Duplicate content

jwdl

I run about 10 sites and most of them seemed to fall foul of the penguin update and even though I have never sought inorganic links I have been frantically searching for a link based answer since April.

However since asking a question here I have been pointed in another direction by one of your contributors. It seems At least 6 of my sites have duplicate content issues.

If you search Google for "We have selected nearly 200 pictures of short haircuts and hair styles in 16 galleries" which is the first bit of text from the site short-hairstyles.com about 30000 results appear. I don't know where they're from nor why anyone would want to do this. I presume its automated since there is so much of it.

I have decided to redo the content. So I guess (hope) at some point in the future the duplicate nature will be flushed from Google's index?

But how do I prevent it happening again? It's impractical to redo the content every month or so.

For example if you search for "This facility is written in Flash to use it you need to have Flash installed." from another of my sites that I coincidently uploaded a new page to a couple of days ago, only the duplicate content shows up not my original site. So whoever is doing this is finding new stuff on my site and getting it indexed on google before even google sees it on my site!

Thanks,

Ian

AlanBleiweiss

I don't have any experience with Cloudflare so I can't offer an opinion on their services. And without a proper audit of your site and link profile, there is no honest way to know exactly what the core issues are on the site. Short of a proper audit, it's all a guess. That's the bigger concern.

Maybe it's links. Maybe its duplicate content perception. Maybe it's a dozen seemingly insignificant issues that accumulated to the breaking point with a trigger event like Penguin.

Unfortunately that's the reality of SEO in 2012.

jwdl

ok, maybe I'm not getting something or not explaining myself properly.

When I say things like "30000 times", "every page" and "it is the majority of the content" in the context that I have in my head I'm saying its not a trivial thing and I have looked into it at length.

If you thought there was some verification needed to answer the question the information is there to have a look.

Complex things are made up of lots of uncomplex things.

How strong is this site? Up until April I'd say very strong, it came in at number 1 for several high volume keywords (still does in bing and yahoo)

As I said in the original question I have decided to redo most of the content on this site anyway so whether this whole issue is an issue or not isn't an issue.

The original question was how do you prevent it happening again? Is rel author rel-publisher and g+ the answer?

or what about this? http://www.cloudflare.com/plans

AlanBleiweiss

"it is the majority of my content". that's what I asked originally - if it is the majority of content on individual pages. If that's true, it could be a cause of problems, however SEO is an extremely complex process with multiple algorithms so unfortunately, without a detailed review of the site, it's dangerous to assume that specific issue is the cause of your problems.

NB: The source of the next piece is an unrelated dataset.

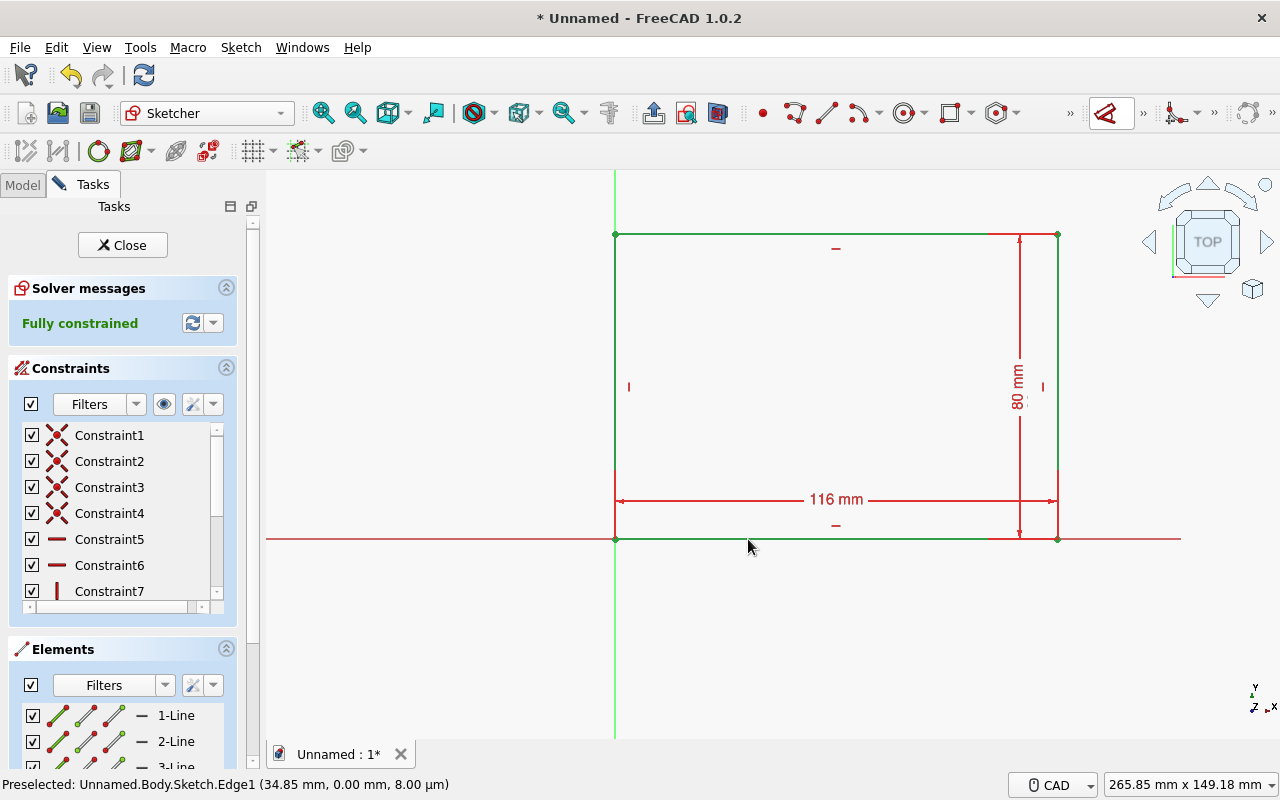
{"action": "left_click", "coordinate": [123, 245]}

How strong is your site in other regards? Do you implement rel-author or rel-publisher code and tie it to a Google+ account to communicate you're the original source? Do you have enough other trust signals in place? There are many other similar questions that need to be answered before anyone can confidently make serious recommendations.

jwdl

1. Google doesn't seem to know this and has penalised my sites for something.

2. It is the majority of the content. Its pretty much all of it, upto 30000 times.

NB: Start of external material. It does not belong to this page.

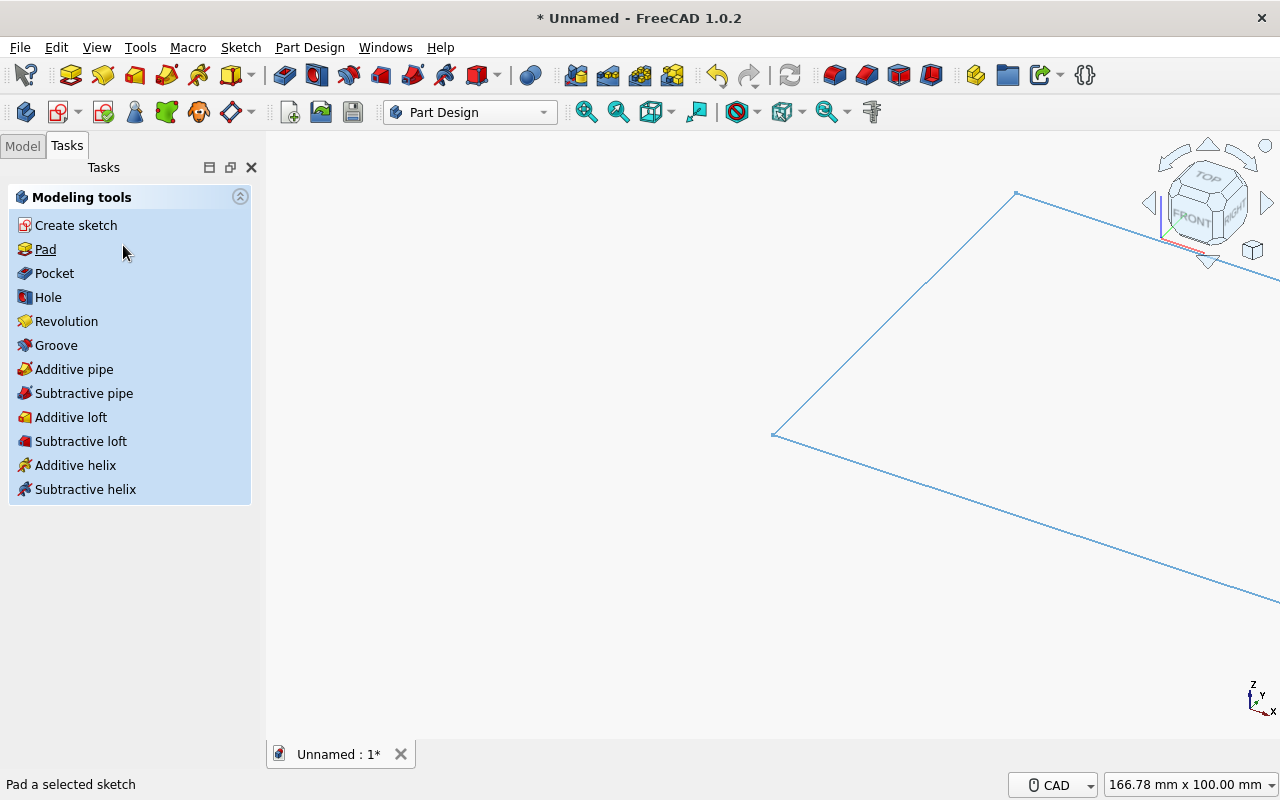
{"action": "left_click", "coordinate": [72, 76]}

3. I've lost 70% of my traffic via recent Google updates. That is THE over whelming concern which is why I came and joined this site.

I arrived at this point by asking this question http://www.seomoz.org/q/penguin-issues if you disagree with the track I got sent on can you suggest a different one?

AlanBleiweiss

1. you're not generating the duplicate content so there's nothing you can logically do about on any kind of a scalable frequency, let alone prevent.

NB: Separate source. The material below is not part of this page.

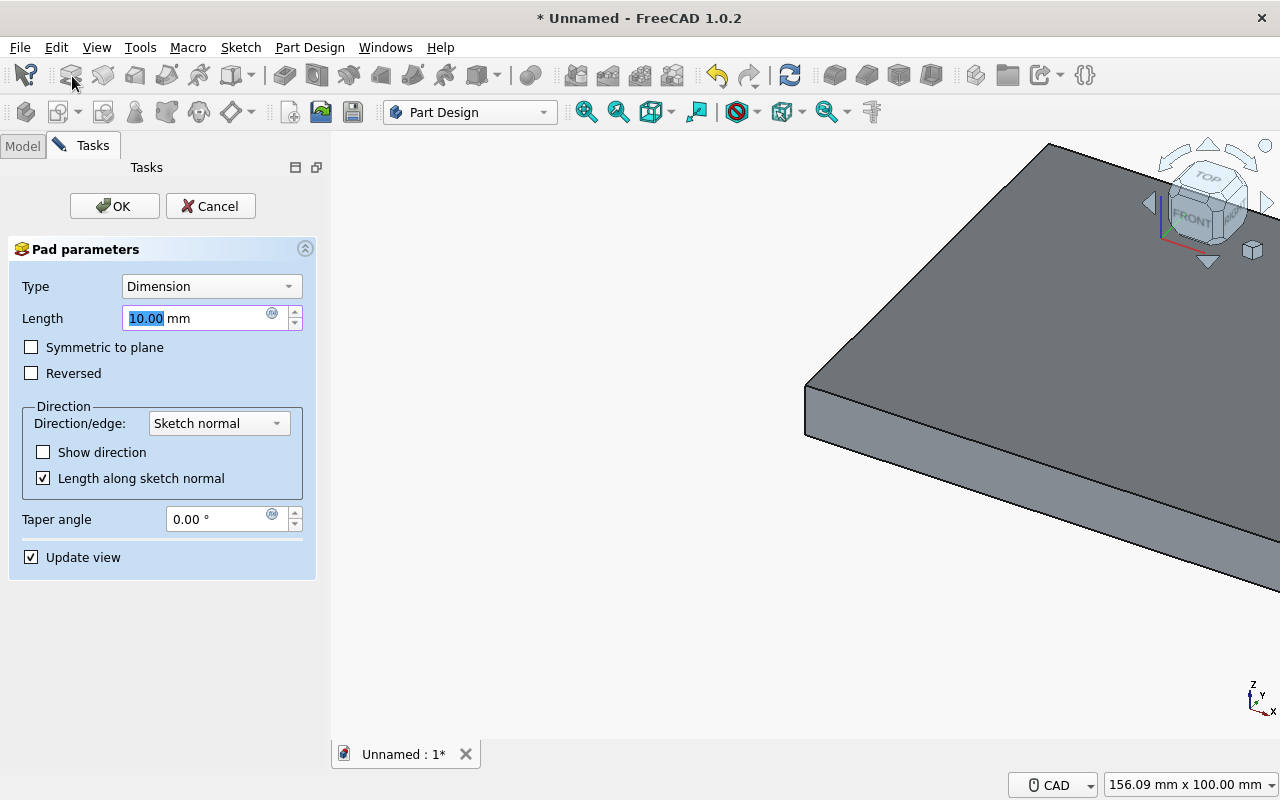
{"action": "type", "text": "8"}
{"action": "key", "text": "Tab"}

2. If it's not the majority of content on a page, it's not a serious problem. In fact, it's common to the internet.

3. Don't allow non-issues become an overwhelming concern. Focus on what you can do something about, and things that are more important and really do have a negative impact on your SEO that are within you control.

jwdl

OK but the snippet is an exact match (in speech marks) and there's 30000 of them that's not just monkeys typing Shakespeare. Every page (300 or so) on that site has unique content and more or less each page has upto 30000 duplicates, most a lot less that 30000 but a lot more that 1, which it should be. If there was a couple of coincidences, fine, but there's not.

AlanBleiweiss

Just finding a snippet that's as short as the examples you gave is not a reason to be concerned about duplicate content in itself. A typical page should have hundreds of words and rank for whatever phrase or phrases you care about, not for a single sentence within the content.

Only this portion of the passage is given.